Content Credits: Fundamentals of Data Engineering Reis J
Things to consider when a new source system is intoroduced in data pipeline:
- What are the essential characteristics of the data source? Is it an application? A swarm of IoT devices?
- How is data persisted in the source system? Is data persisted long term, or is it temporary and quickly deleted?
- At what rate is data generated? How many events per second? How many gigabytes per hour?
- What level of consistency can data engineers expect from the output data? If you’re running data-quality checks against the output data, how often do data inconsistencies occur—nulls where they aren’t expected, lousy formatting, etc.?
- How often do errors occur?
- Will the data contain duplicates?
- Will some data values arrive late, possibly much later than other messages produced simultaneously?
- What is the schema of the ingested data? Will data engineers need to join across several tables or even several systems to get a complete picture of the data?
- If schema changes (say, a new column is added), how is this dealt with and communicated to downstream stakeholders?
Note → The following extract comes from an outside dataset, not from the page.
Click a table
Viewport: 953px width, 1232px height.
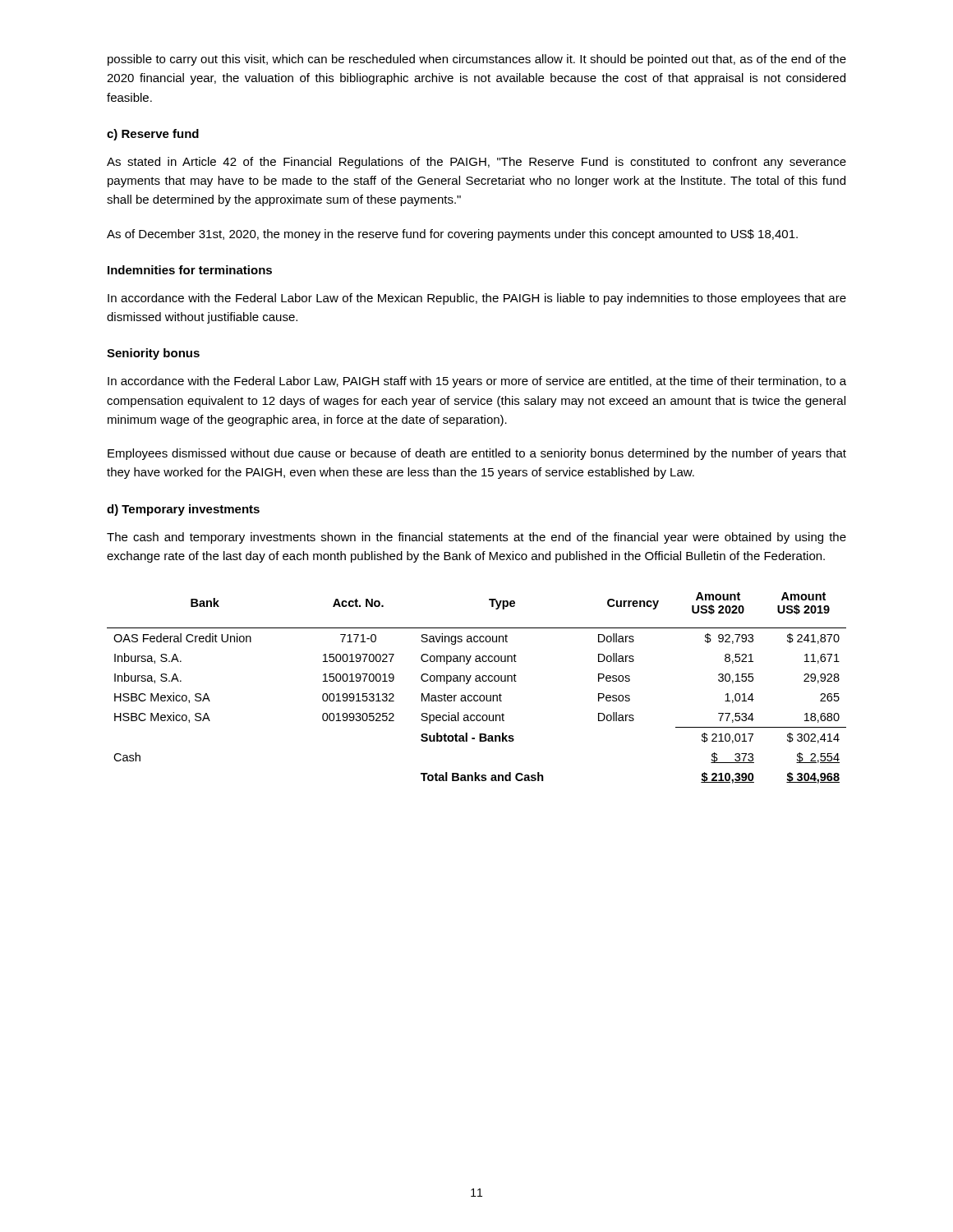pyautogui.click(x=476, y=686)
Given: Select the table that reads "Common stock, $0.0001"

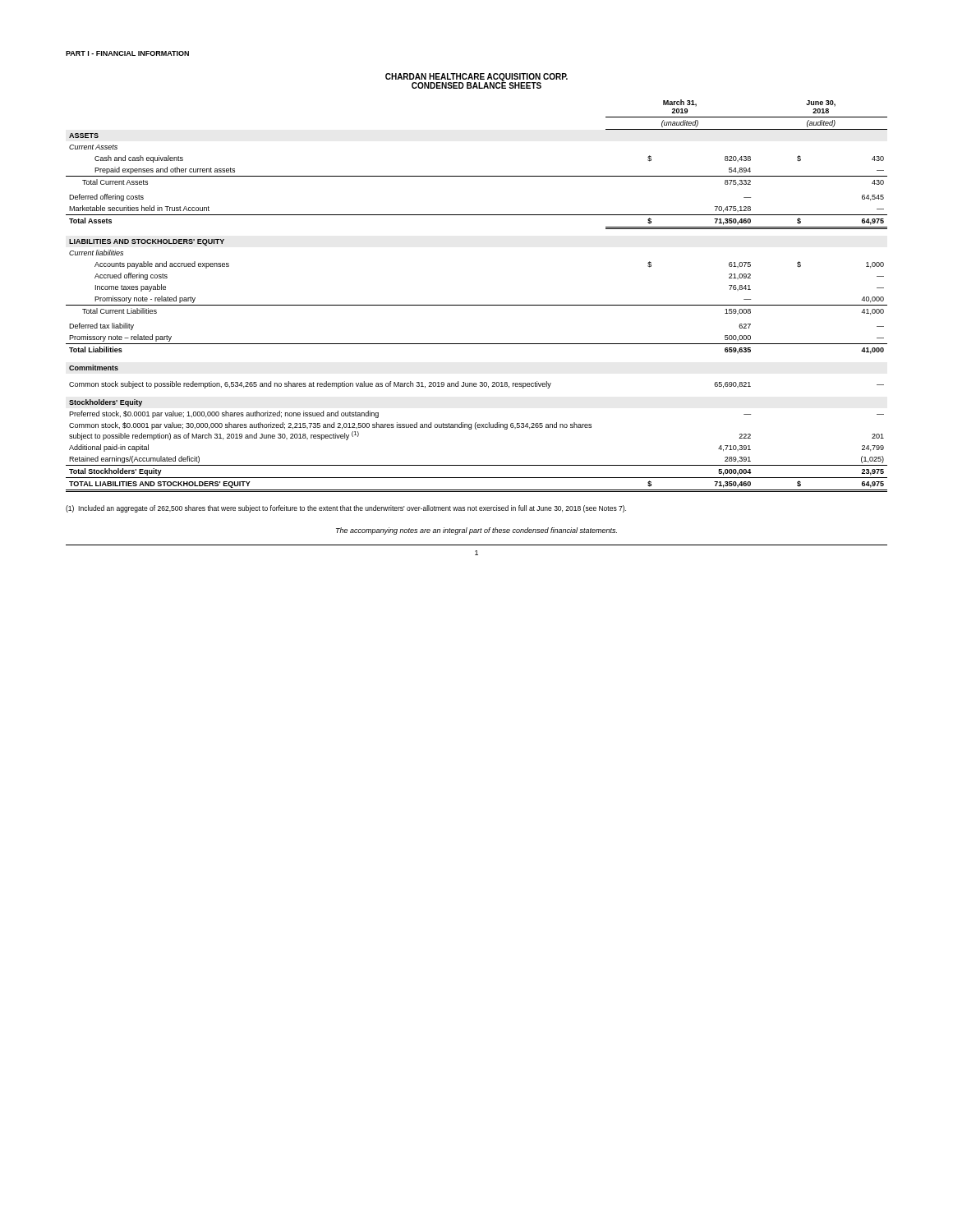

- How frequently should data be pulled from the source system?
- For stateful systems (e.g., a database tracking customer account information), is data provided as periodic snapshots or update events from change data capture (CDC)? What’s the logic for how changes are performed, and how are these tracked in the source database?
- Who/what is the data provider that will transmit the data for downstream consumption?
- Will reading from a data source impact its performance?
- Does the source system have upstream data dependencies? What are the characteristics of these upstream systems?
- Are data-quality checks in place to check for late or missing data?